Часть 20 из 46 В начало
Для доступа к библиотеке пройдите авторизацию
– Вообще-то я не очень голодна.
– Я тоже. На пляж?
Я не рассмотрела пляж накануне вечером, когда мы приземлились в темноте, но мне очень хотелось поваляться на солнце с книгой в руках.
– Пляж – это здорово.
И вот мы вдвоем переоделись в купальники и понесли полотенца, книги и зонтики, неловко зажатые под мышками, вниз, на песчаную полосу, огибавшую лужайку при доме. Над тем берегом озера по небу плыли белые облака. Мы дремали, читали и отдыхали, пока Рейчел не перевернулась на спину и не озвучила вслух то, что не давало мне покоя после ужина в доме Патрика:
– Патрик уже внушил тебе веру в гадание? – Она лежала рядом со мной, подперев голову рукой; на ее щеке осталось немного песка.
Мне не хотелось откладывать книгу, которую я держала между лицом и солнцем почти целый час, радуясь возможности отвлечься. Я не была готова принять то, что ожидало меня в Клойстерсе, и даже то, что ожидало меня в моей комнате.
– Хотела бы я сказать «нет», – ответила я, позволив намеку проскользнуть между нами.
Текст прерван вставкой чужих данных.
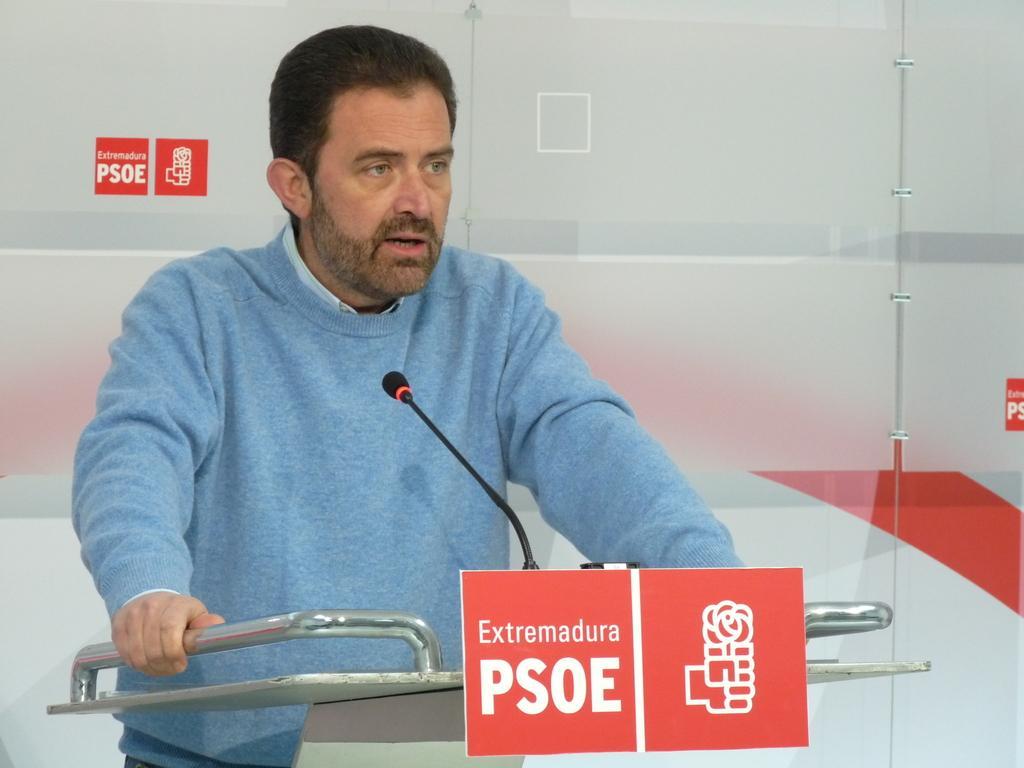Please provide a concise description of this image. In the center of this picture there is a man wearing blue color sweater and standing behind a podium and we can see a microphone, metal rods and the text on the posters.

– Моей матери однажды предсказали судьбу, – поведала Рейчел. – Она пошла в одно место в нижнем Лексе, где ей погадали на чайных листьях. Женщина, которая занималась гаданием, посмотрела на листья и сказала, что не расскажет ничего. Мол, все, что там начертано, слишком мрачно и печально. Мама всегда утверждала, будто посмеялась над этим, но мне кажется, этот страх так и остался с ней.
– Я не знаю, что будет с моей жизнью, – сказала я, – и это я ее проживаю.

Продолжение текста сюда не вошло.